PETシステム

MEDICAL NOW No.67

MEDICAL NOW No.67

日本でのアルツハイマー病研究の動き
~J-ADNIにおけるPET検査の重要性と今後の展望~

東京都健康長寿医療センター研究所 附属診療所
石井 賢二

はじめに

総務省統計局が発表したわが国の65歳以上の老年者人口は2009年9月の時点で2869万人(総人口の22.5%)となった。これに伴いわが国における認知症患者は,軽症者も含めると200万人を越えると推定されている。今後75歳以上の後期高齢者が著しく増加すると予想される中で,認知症患者数も加速度的な増加が見込まれており,その対策は危急の社会的要請である。認知症には種々の原因があるが,アルツハイマー病はその過半数を占めており,アルツハイマー病の克服が認知症制圧の最重要課題である。こうした中,ここ十数年のアルツハイマー病の病態に関する分子生物学的研究の進歩はめざましく,アミロイドβ(以下,Aβ)の蓄積がアルツハイマー病の最も上流に位置する病因であると考えるアミロイド仮説が支持されるようになった。

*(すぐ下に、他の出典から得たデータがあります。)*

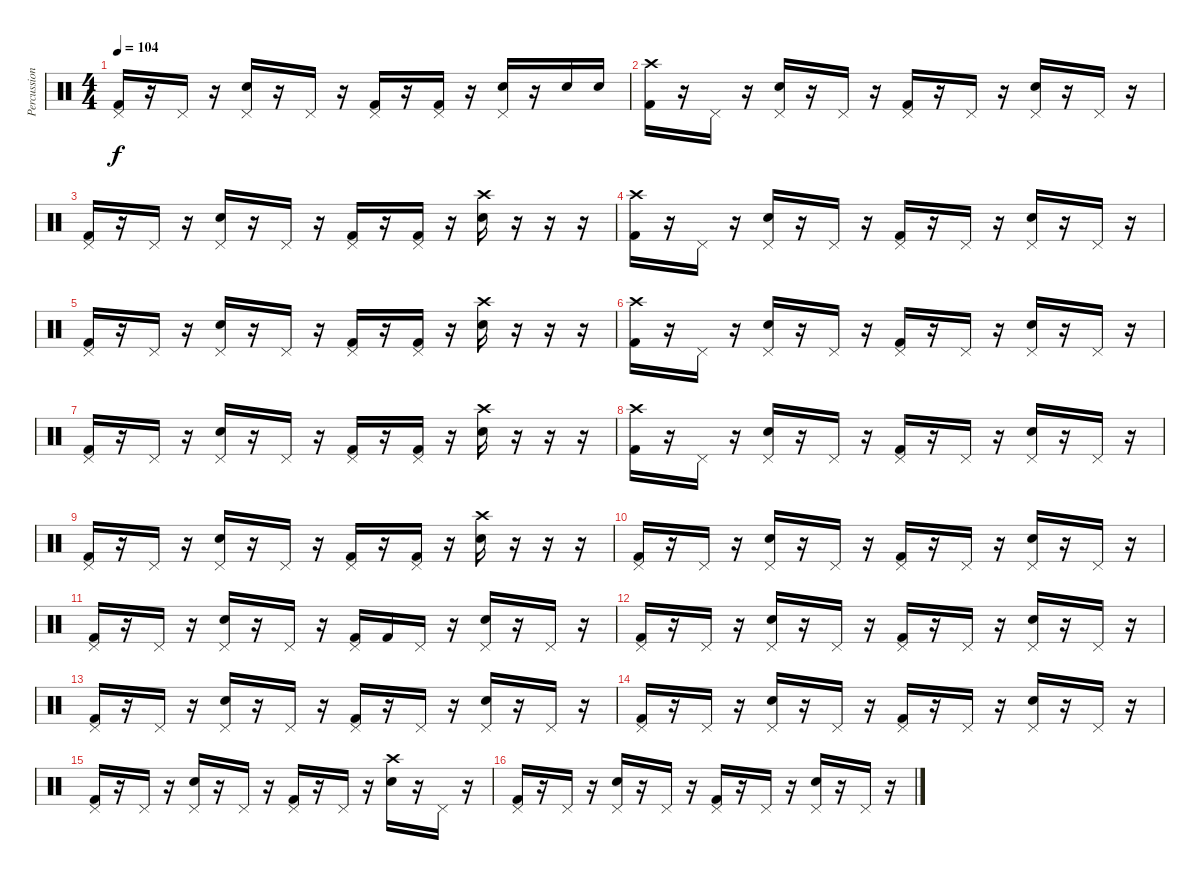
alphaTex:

\track ("Percussion" "Percussion") {instrument percussion}
\staff {score}
\articulation defaults
\ts (4 4)
\tempo 104
\clef neutral
\ks c
("Pedal Hi-Hat (hit)" "Kick (hit) 2").16{dy f} r.16 "Pedal Hi-Hat (hit)".16 r.16 ("Pedal Hi-Hat (hit)" "Snare (hit) 2").16 r.16 "Pedal Hi-Hat (hit)".16 r.16 ("Pedal Hi-Hat (hit)" "Kick (hit) 2").16 r.16 ("Pedal Hi-Hat (hit)" "Kick (hit) 2").16 r.16 ("Pedal Hi-Hat (hit)" "Snare (hit) 2").16 r.16 "Snare (hit) 2".16 "Snare (hit) 2".16 |
("Crash high (hit)" "Kick (hit) 2").16 r.16 "Pedal Hi-Hat (hit)".16 r.16 ("Pedal Hi-Hat (hit)" "Snare (hit) 2").16 r.16 "Pedal Hi-Hat (hit)".16 r.16 ("Pedal Hi-Hat (hit)" "Kick (hit) 2").16 r.16 "Pedal Hi-Hat (hit)".16 r.16 ("Pedal Hi-Hat (hit)" "Snare (hit) 2").16 r.16 "Pedal Hi-Hat (hit)".16 r.16 |
("Pedal Hi-Hat (hit)" "Kick (hit) 2").16 r.16 "Pedal Hi-Hat (hit)".16 r.16 ("Pedal Hi-Hat (hit)" "Snare (hit) 2").16 r.16 "Pedal Hi-Hat (hit)".16 r.16 ("Pedal Hi-Hat (hit)" "Kick (hit) 2").16 r.16 ("Pedal Hi-Hat (hit)" "Kick (hit) 2").16 r.16 ("Crash high (hit)" "Snare (hit) 2").16 r.16 r.16 r.16 |
("Crash high (hit)" "Kick (hit) 2").16 r.16 "Pedal Hi-Hat (hit)".16 r.16 ("Pedal Hi-Hat (hit)" "Snare (hit) 2").16 r.16 "Pedal Hi-Hat (hit)".16 r.16 ("Pedal Hi-Hat (hit)" "Kick (hit) 2").16 r.16 "Pedal Hi-Hat (hit)".16 r.16 ("Pedal Hi-Hat (hit)" "Snare (hit) 2").16 r.16 "Pedal Hi-Hat (hit)".16 r.16 |
("Pedal Hi-Hat (hit)" "Kick (hit) 2").16 r.16 "Pedal Hi-Hat (hit)".16 r.16 ("Pedal Hi-Hat (hit)" "Snare (hit) 2").16 r.16 "Pedal Hi-Hat (hit)".16 r.16 ("Pedal Hi-Hat (hit)" "Kick (hit) 2").16 r.16 ("Pedal Hi-Hat (hit)" "Kick (hit) 2").16 r.16 ("Crash high (hit)" "Snare (hit) 2").16 r.16 r.16 r.16 |
("Crash high (hit)" "Kick (hit) 2").16 r.16 "Pedal Hi-Hat (hit)".16 r.16 ("Pedal Hi-Hat (hit)" "Snare (hit) 2").16 r.16 "Pedal Hi-Hat (hit)".16 r.16 ("Pedal Hi-Hat (hit)" "Kick (hit) 2").16 r.16 "Pedal Hi-Hat (hit)".16 r.16 ("Pedal Hi-Hat (hit)" "Snare (hit) 2").16 r.16 "Pedal Hi-Hat (hit)".16 r.16 |
("Pedal Hi-Hat (hit)" "Kick (hit) 2").16 r.16 "Pedal Hi-Hat (hit)".16 r.16 ("Pedal Hi-Hat (hit)" "Snare (hit) 2").16 r.16 "Pedal Hi-Hat (hit)".16 r.16 ("Pedal Hi-Hat (hit)" "Kick (hit) 2").16 r.16 ("Pedal Hi-Hat (hit)" "Kick (hit) 2").16 r.16 ("Crash high (hit)" "Snare (hit) 2").16 r.16 r.16 r.16 |
("Crash high (hit)" "Kick (hit) 2").16 r.16 "Pedal Hi-Hat (hit)".16 r.16 ("Pedal Hi-Hat (hit)" "Snare (hit) 2").16 r.16 "Pedal Hi-Hat (hit)".16 r.16 ("Pedal Hi-Hat (hit)" "Kick (hit) 2").16 r.16 "Pedal Hi-Hat (hit)".16 r.16 ("Pedal Hi-Hat (hit)" "Snare (hit) 2").16 r.16 "Pedal Hi-Hat (hit)".16 r.16 |
("Pedal Hi-Hat (hit)" "Kick (hit) 2").16 r.16 "Pedal Hi-Hat (hit)".16 r.16 ("Pedal Hi-Hat (hit)" "Snare (hit) 2").16 r.16 "Pedal Hi-Hat (hit)".16 r.16 ("Pedal Hi-Hat (hit)" "Kick (hit) 2").16 r.16 ("Pedal Hi-Hat (hit)" "Kick (hit) 2").16 r.16 ("Crash high (hit)" "Snare (hit) 2").16 r.16 r.16 r.16 |
("Pedal Hi-Hat (hit)" "Kick (hit) 2").16 r.16 "Pedal Hi-Hat (hit)".16 r.16 ("Pedal Hi-Hat (hit)" "Snare (hit) 2").16 r.16 "Pedal Hi-Hat (hit)".16 r.16 ("Pedal Hi-Hat (hit)" "Kick (hit) 2").16 r.16 "Pedal Hi-Hat (hit)".16 r.16 ("Pedal Hi-Hat (hit)" "Snare (hit) 2").16 r.16 "Pedal Hi-Hat (hit)".16 r.16 |
("Pedal Hi-Hat (hit)" "Kick (hit) 2").16 r.16 "Pedal Hi-Hat (hit)".16 r.16 ("Pedal Hi-Hat (hit)" "Snare (hit) 2").16 r.16 "Pedal Hi-Hat (hit)".16 r.16 ("Pedal Hi-Hat (hit)" "Kick (hit) 2").16 "Kick (hit) 2".16 "Pedal Hi-Hat (hit)".16 r.16 ("Pedal Hi-Hat (hit)" "Snare (hit) 2").16 r.16 "Pedal Hi-Hat (hit)".16 r.16 |
("Pedal Hi-Hat (hit)" "Kick (hit) 2").16 r.16 "Pedal Hi-Hat (hit)".16 r.16 ("Pedal Hi-Hat (hit)" "Snare (hit) 2").16 r.16 "Pedal Hi-Hat (hit)".16 r.16 ("Pedal Hi-Hat (hit)" "Kick (hit) 2").16 r.16 "Pedal Hi-Hat (hit)".16 r.16 ("Pedal Hi-Hat (hit)" "Snare (hit) 2").16 r.16 "Pedal Hi-Hat (hit)".16 r.16 |
("Pedal Hi-Hat (hit)" "Kick (hit) 2").16 r.16 "Pedal Hi-Hat (hit)".16 r.16 ("Pedal Hi-Hat (hit)" "Snare (hit) 2").16 r.16 "Pedal Hi-Hat (hit)".16 r.16 ("Pedal Hi-Hat (hit)" "Kick (hit) 2").16 r.16 "Pedal Hi-Hat (hit)".16 r.16 ("Pedal Hi-Hat (hit)" "Snare (hit) 2").16 r.16 "Pedal Hi-Hat (hit)".16 r.16 |
("Pedal Hi-Hat (hit)" "Kick (hit) 2").16 r.16 "Pedal Hi-Hat (hit)".16 r.16 ("Pedal Hi-Hat (hit)" "Snare (hit) 2").16 r.16 "Pedal Hi-Hat (hit)".16 r.16 ("Pedal Hi-Hat (hit)" "Kick (hit) 2").16 r.16 "Pedal Hi-Hat (hit)".16 r.16 ("Pedal Hi-Hat (hit)" "Snare (hit) 2").16 r.16 "Pedal Hi-Hat (hit)".16 r.16 |
("Pedal Hi-Hat (hit)" "Kick (hit) 2").16 r.16 "Pedal Hi-Hat (hit)".16 r.16 ("Pedal Hi-Hat (hit)" "Snare (hit) 2").16 r.16 "Pedal Hi-Hat (hit)".16 r.16 ("Pedal Hi-Hat (hit)" "Kick (hit) 2").16 r.16 "Pedal Hi-Hat (hit)".16 r.16 ("Crash high (hit)" "Snare (hit) 2").16 r.16 "Pedal Hi-Hat (hit)".16 r.16 |
("Pedal Hi-Hat (hit)" "Kick (hit) 2").16 r.16 "Pedal Hi-Hat (hit)".16 r.16 ("Pedal Hi-Hat (hit)" "Snare (hit) 2").16 r.16 "Pedal Hi-Hat (hit)".16 r.16 ("Pedal Hi-Hat (hit)" "Kick (hit) 2").16 r.16 "Pedal Hi-Hat (hit)".16 r.16 ("Pedal Hi-Hat (hit)" "Snare (hit) 2").16 r.16 "Pedal Hi-Hat (hit)".16 r.16

この仮説に基づいた根本治療薬が開発されつつあり,アルツハイマー病の克服が現実の目標として見えるようになってきたことは朗報である。

  アミロイドPET実施施設 メーカー 機種
PIB 放射線医学総合研究所 島津 Eminence SOPHIA-GX
PIB 東京都老人総合研究所 島津 SET-2400W
PIB 大阪市立大学 島津 Eminence-BL
PIB 先端医療センター 島津 Eminence-GX
PIB 浜松医療センター Siemens Biograph16
PIB 先端医学薬学研究センター GE ADVANCE
PIB 埼玉医学大学 Siemens Biograph6
PIB 群馬大学 GE Discovery ST Elite 16
PIB 東京大学 島津 SET-2400W
PIB 湘南厚木クリニック Siemens ECAT ACCEL
PIB 香川大学 Siemens ECAT EXACT HR+
BF 東北大学 島津 SET-2400W
BF 国立長寿医療センター Siemens ECAT EXACT HR47

日本のアミロイドイメージング実施施設(2009年2月)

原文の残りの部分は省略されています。